Plasmon mode as a detection of the chiral anomaly in Weyl semimetals

Weyl semimetals are one kind of three-dimensional gapless semimetal with nontrivial topology in the momentum space. The chiral anomaly in Weyl semimetals manifests as a charge imbalance between the Weyl nodes of opposite chiralities induced by parallel electric and magnetic fields. We investigate the chiral anomaly effect on the plasmon mode in both intrinsic and doped Weyl semimetals within the random phase approximation. We prove that the chiral anomaly gives rise to a different plasmon mode in intrinsic Weyl semimetals. We also find the chiral anomaly leads to some exotic properties in the plasmon dispersion in doped Weyl semimetals. Consequently, the unconventional plasmon mode acts as a signature of the chiral anomaly in Weyl semimetals, by which the spectrum of plasmon provides a proper way to detect the Lifshitz transition.

Figure 1

The distribution of electrons in the two Weyl nodes $\chi =\pm$ induced by the chiral anomaly $\left(\mathbf{E}·\mathbf{B}\ne 0\right)$ in undoped Weyl SMs.

Figure 2

Plasmon modes in undoped 3D Weyl SMs with chiral anomaly, i.e., $\mathbf{E}·\mathbf{B}\ne 0$ are calculated within the RPA. The red dotted-dashed line shows the long wavelength plasmon mode, the blue dashed line corresponds to the approximate solution obtained from Eq. (10), and the green solid line represents the exact solution of Eq. (9).

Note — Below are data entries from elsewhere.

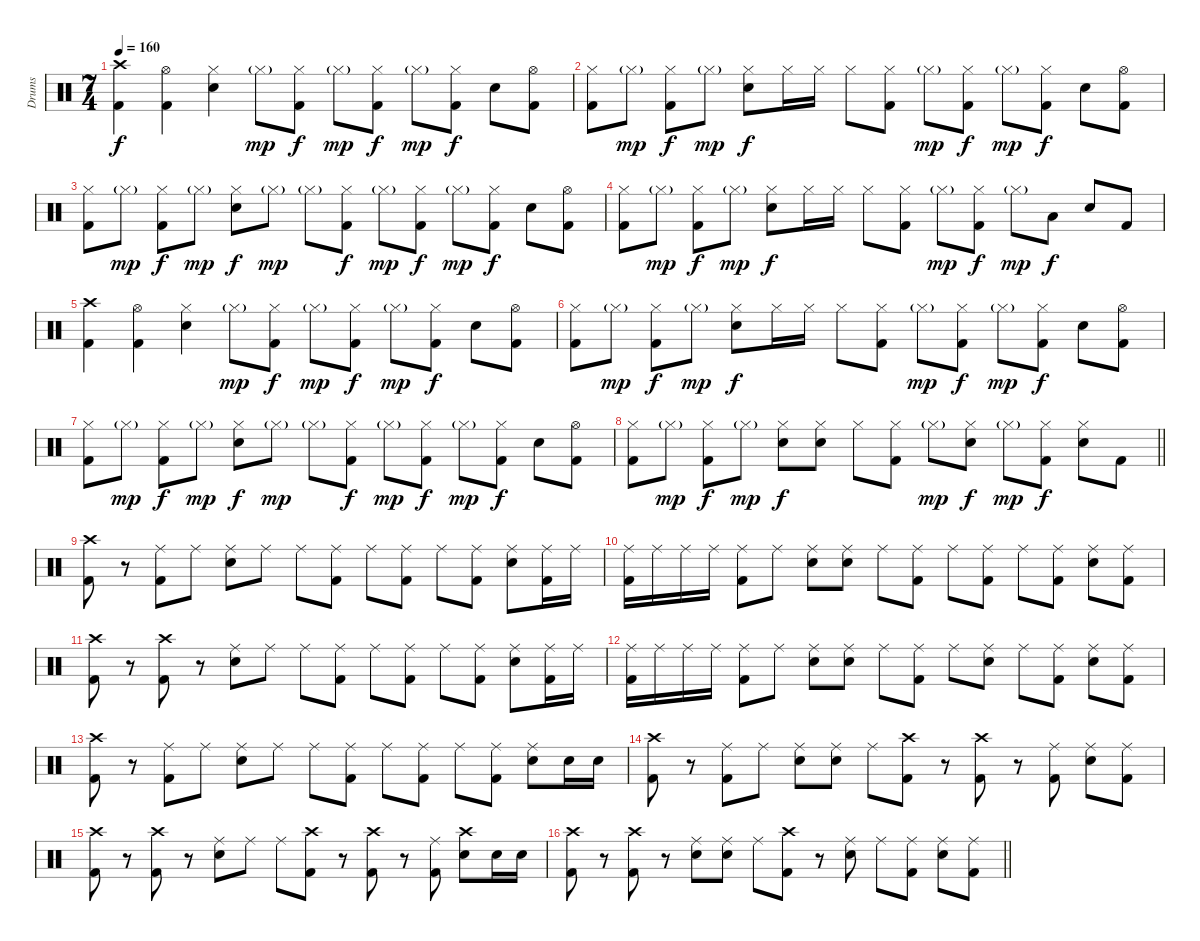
\track ("Drums" "Drums") {instrument percussion}
\staff {score}
\articulation defaults
\ts (7 4)
\section ("" "")
\tempo 160
\clef neutral
\ks c
("Crash high (hit)" "Kick (hit) 2").4{dy f} ("Hi-Hat (open)" "Kick (hit) 2").4 ("Hi-Hat (closed)" "Electric Snare (hit)").4 "Hi-Hat (closed)"{g}.8{dy mp} ("Hi-Hat (closed)" "Kick (hit) 2").8{dy f} "Hi-Hat (closed)"{g}.8{dy mp} ("Hi-Hat (closed)" "Kick (hit) 2").8{dy f} "Hi-Hat (closed)"{g}.8{dy mp} ("Hi-Hat (closed)" "Kick (hit) 2").8{dy f} "Electric Snare (hit)".8 ("Hi-Hat (open)" "Kick (hit) 2").8 |
("Hi-Hat (closed)" "Kick (hit) 2").8 "Hi-Hat (closed)"{g}.8{dy mp} ("Hi-Hat (closed)" "Kick (hit) 2").8{dy f} "Hi-Hat (closed)"{g}.8{dy mp} ("Hi-Hat (closed)" "Electric Snare (hit)").8{dy f} "Hi-Hat (closed)".16 "Hi-Hat (closed)".16 "Hi-Hat (closed)".8 ("Hi-Hat (closed)" "Kick (hit) 2").8 "Hi-Hat (closed)"{g}.8{dy mp} ("Hi-Hat (closed)" "Kick (hit) 2").8{dy f} "Hi-Hat (closed)"{g}.8{dy mp} ("Hi-Hat (closed)" "Kick (hit) 2").8{dy f} "Electric Snare (hit)".8 ("Hi-Hat (open)" "Kick (hit) 2").8 |
("Hi-Hat (closed)" "Kick (hit) 2").8 "Hi-Hat (closed)"{g}.8{dy mp} ("Hi-Hat (closed)" "Kick (hit) 2").8{dy f} "Hi-Hat (closed)"{g}.8{dy mp} ("Hi-Hat (closed)" "Electric Snare (hit)").8{dy f} "Hi-Hat (closed)"{g}.8{dy mp} "Hi-Hat (closed)"{g}.8 ("Hi-Hat (closed)" "Kick (hit) 2").8{dy f} "Hi-Hat (closed)"{g}.8{dy mp} ("Hi-Hat (closed)" "Kick (hit) 2").8{dy f} "Hi-Hat (closed)"{g}.8{dy mp} ("Hi-Hat (closed)" "Kick (hit) 2").8{dy f} "Electric Snare (hit)".8 ("Hi-Hat (open)" "Kick (hit) 2").8 |
("Hi-Hat (closed)" "Kick (hit) 2").8 "Hi-Hat (closed)"{g}.8{dy mp} ("Hi-Hat (closed)" "Kick (hit) 2").8{dy f} "Hi-Hat (closed)"{g}.8{dy mp} ("Hi-Hat (closed)" "Electric Snare (hit)").8{dy f} "Hi-Hat (closed)".16 "Hi-Hat (closed)".16 "Hi-Hat (closed)".8 ("Hi-Hat (closed)" "Kick (hit) 2").8 "Hi-Hat (closed)"{g}.8{dy mp} ("Hi-Hat (closed)" "Kick (hit) 2").8{dy f} "Hi-Hat (closed)"{g}.8{dy mp} "Low Tom (hit)".8{dy f} "Electric Snare (hit)".8 "Kick (hit) 2".8 |
("Crash high (hit)" "Kick (hit) 2").4 ("Hi-Hat (open)" "Kick (hit) 2").4 ("Hi-Hat (closed)" "Electric Snare (hit)").4 "Hi-Hat (closed)"{g}.8{dy mp} ("Hi-Hat (closed)" "Kick (hit) 2").8{dy f} "Hi-Hat (closed)"{g}.8{dy mp} ("Hi-Hat (closed)" "Kick (hit) 2").8{dy f} "Hi-Hat (closed)"{g}.8{dy mp} ("Hi-Hat (closed)" "Kick (hit) 2").8{dy f} "Electric Snare (hit)".8 ("Hi-Hat (open)" "Kick (hit) 2").8 |
("Hi-Hat (closed)" "Kick (hit) 2").8 "Hi-Hat (closed)"{g}.8{dy mp} ("Hi-Hat (closed)" "Kick (hit) 2").8{dy f} "Hi-Hat (closed)"{g}.8{dy mp} ("Hi-Hat (closed)" "Electric Snare (hit)").8{dy f} "Hi-Hat (closed)".16 "Hi-Hat (closed)".16 "Hi-Hat (closed)".8 ("Hi-Hat (closed)" "Kick (hit) 2").8 "Hi-Hat (closed)"{g}.8{dy mp} ("Hi-Hat (closed)" "Kick (hit) 2").8{dy f} "Hi-Hat (closed)"{g}.8{dy mp} ("Hi-Hat (closed)" "Kick (hit) 2").8{dy f} "Electric Snare (hit)".8 ("Hi-Hat (open)" "Kick (hit) 2").8 |
("Hi-Hat (closed)" "Kick (hit) 2").8 "Hi-Hat (closed)"{g}.8{dy mp} ("Hi-Hat (closed)" "Kick (hit) 2").8{dy f} "Hi-Hat (closed)"{g}.8{dy mp} ("Hi-Hat (closed)" "Electric Snare (hit)").8{dy f} "Hi-Hat (closed)"{g}.8{dy mp} "Hi-Hat (closed)"{g}.8 ("Hi-Hat (closed)" "Kick (hit) 2").8{dy f} "Hi-Hat (closed)"{g}.8{dy mp} ("Hi-Hat (closed)" "Kick (hit) 2").8{dy f} "Hi-Hat (closed)"{g}.8{dy mp} ("Hi-Hat (closed)" "Kick (hit) 2").8{dy f} "Electric Snare (hit)".8 ("Hi-Hat (open)" "Kick (hit) 2").8 |
\barLineRight lightlight
("Hi-Hat (closed)" "Kick (hit) 2").8 "Hi-Hat (closed)"{g}.8{dy mp} ("Hi-Hat (closed)" "Kick (hit) 2").8{dy f} "Hi-Hat (closed)"{g}.8{dy mp} ("Hi-Hat (closed)" "Electric Snare (hit)").8{dy f} ("Hi-Hat (closed)" "Electric Snare (hit)").8 "Hi-Hat (closed)".8 ("Hi-Hat (closed)" "Kick (hit) 2").8 "Hi-Hat (closed)"{g}.8{dy mp} ("Hi-Hat (closed)" "Electric Snare (hit)").8{dy f} "Hi-Hat (closed)"{g}.8{dy mp} ("Hi-Hat (closed)" "Kick (hit) 2").8{dy f} ("Hi-Hat (closed)" "Electric Snare (hit)").8 "Kick (hit) 2".8 |
\section ("" "")
("Crash high (hit)" "Kick (hit) 2").8 r.8 ("Ride (middle)" "Kick (hit) 2").8 "Ride (middle)".8 ("Ride (middle)" "Electric Snare (hit)").8 "Ride (middle)".8 "Ride (middle)".8 ("Ride (middle)" "Kick (hit) 2").8 "Ride (middle)".8 ("Ride (middle)" "Kick (hit) 2").8 "Ride (middle)".8 ("Ride (middle)" "Kick (hit) 2").8 ("Ride (middle)" "Electric Snare (hit)").8 ("Ride (middle)" "Kick (hit) 2").16 "Ride (middle)".16 |
("Ride (middle)" "Kick (hit) 2").16 "Ride (middle)".16 "Ride (middle)".16 "Ride (middle)".16 ("Ride (middle)" "Kick (hit) 2").8 "Ride (middle)".8 ("Ride (middle)" "Electric Snare (hit)").8 ("Ride (middle)" "Electric Snare (hit)").8 "Ride (middle)".8 ("Ride (middle)" "Kick (hit) 2").8 "Ride (middle)".8 ("Ride (middle)" "Kick (hit) 2").8 "Ride (middle)".8 ("Ride (middle)" "Kick (hit) 2").8 ("Ride (middle)" "Electric Snare (hit)").8 ("Ride (middle)" "Kick (hit) 2").8 |
("Crash high (hit)" "Kick (hit) 2").8 r.8 ("Crash high (hit)" "Kick (hit) 2").8 r.8 ("Ride (middle)" "Electric Snare (hit)").8 "Ride (middle)".8 "Ride (middle)".8 ("Ride (middle)" "Kick (hit) 2").8 "Ride (middle)".8 ("Ride (middle)" "Kick (hit) 2").8 "Ride (middle)".8 ("Ride (middle)" "Kick (hit) 2").8 ("Ride (middle)" "Electric Snare (hit)").8 ("Ride (middle)" "Kick (hit) 2").16 "Ride (middle)".16 |
("Ride (middle)" "Kick (hit) 2").16 "Ride (middle)".16 "Ride (middle)".16 "Ride (middle)".16 ("Ride (middle)" "Kick (hit) 2").8 "Ride (middle)".8 ("Ride (middle)" "Electric Snare (hit)").8 ("Ride (middle)" "Electric Snare (hit)").8 "Ride (middle)".8 ("Ride (middle)" "Kick (hit) 2").8 "Ride (middle)".8 ("Ride (middle)" "Electric Snare (hit)").8 "Ride (middle)".8 ("Ride (middle)" "Kick (hit) 2").8 ("Ride (middle)" "Electric Snare (hit)").8 ("Ride (middle)" "Kick (hit) 2").8 |
("Crash high (hit)" "Kick (hit) 2").8 r.8 ("Ride (middle)" "Kick (hit) 2").8 "Ride (middle)".8 ("Ride (middle)" "Electric Snare (hit)").8 "Ride (middle)".8 "Ride (middle)".8 ("Ride (middle)" "Kick (hit) 2").8 "Ride (middle)".8 ("Ride (middle)" "Kick (hit) 2").8 "Ride (middle)".8 ("Ride (middle)" "Kick (hit) 2").8 ("Ride (middle)" "Electric Snare (hit)").8 "Electric Snare (hit)".16 "Electric Snare (hit)".16 |
("Crash high (hit)" "Kick (hit) 2").8 r.8 ("Ride (middle)" "Kick (hit) 2").8 "Ride (middle)".8 ("Ride (middle)" "Electric Snare (hit)").8 ("Ride (middle)" "Electric Snare (hit)").8 "Ride (middle)".8 ("Crash high (hit)" "Kick (hit) 2").8 r.8 ("Crash high (hit)" "Kick (hit) 2").8 r.8 ("Ride (middle)" "Kick (hit) 2").8 ("Ride (middle)" "Electric Snare (hit)").8 ("Ride (middle)" "Kick (hit) 2").8 |
("Crash high (hit)" "Kick (hit) 2").8 r.8 ("Crash high (hit)" "Kick (hit) 2").8 r.8 ("Ride (middle)" "Electric Snare (hit)").8 "Ride (middle)".8 "Ride (middle)".8 ("Crash high (hit)" "Kick (hit) 2").8 r.8 ("Crash high (hit)" "Kick (hit) 2").8 r.8 ("Ride (middle)" "Kick (hit) 2").8 ("Crash high (hit)" "Electric Snare (hit)").8 "Electric Snare (hit)".16 "Electric Snare (hit)".16 |
\barLineRight lightlight
("Crash high (hit)" "Kick (hit) 2").8 r.8 ("Crash high (hit)" "Kick (hit) 2").8 r.8 ("Ride (middle)" "Electric Snare (hit)").8 ("Ride (middle)" "Electric Snare (hit)").8 "Ride (middle)".8 ("Crash high (hit)" "Kick (hit) 2").8 r.8 ("Ride (middle)" "Electric Snare (hit)").8 "Ride (middle)".8 ("Ride (middle)" "Kick (hit) 2").8 ("Ride (middle)" "Electric Snare (hit)").8 ("Ride (middle)" "Kick (hit) 2").8

The shaded area indicates the intraband and interband SPE regions [39].

Figure 3

(a) Equilibrium distribution of electrons in the two Weyl nodes without chiral anomaly $\left(\mathbf{E}·\mathbf{B}=0\right)$. (b) Fermi levels of the Weyl nodes shift away from the equilibrium position $\mu$ due to the chiral anomaly $\left(\mathbf{E}·\mathbf{B}\ne 0\right)$. ${\mu }_{\pm }$ are the resulting chirality-dependent chemical potentials.

Figure 4

(a) Energy-loss function for a series of values of $\gamma$ in doped Weyl SMs with the chiral anomaly. (b) Dependence of frequencies of the undamped plasmon mode on the ratio $\gamma$. The LT occurs at the turning point of the plasmon dispersion [39].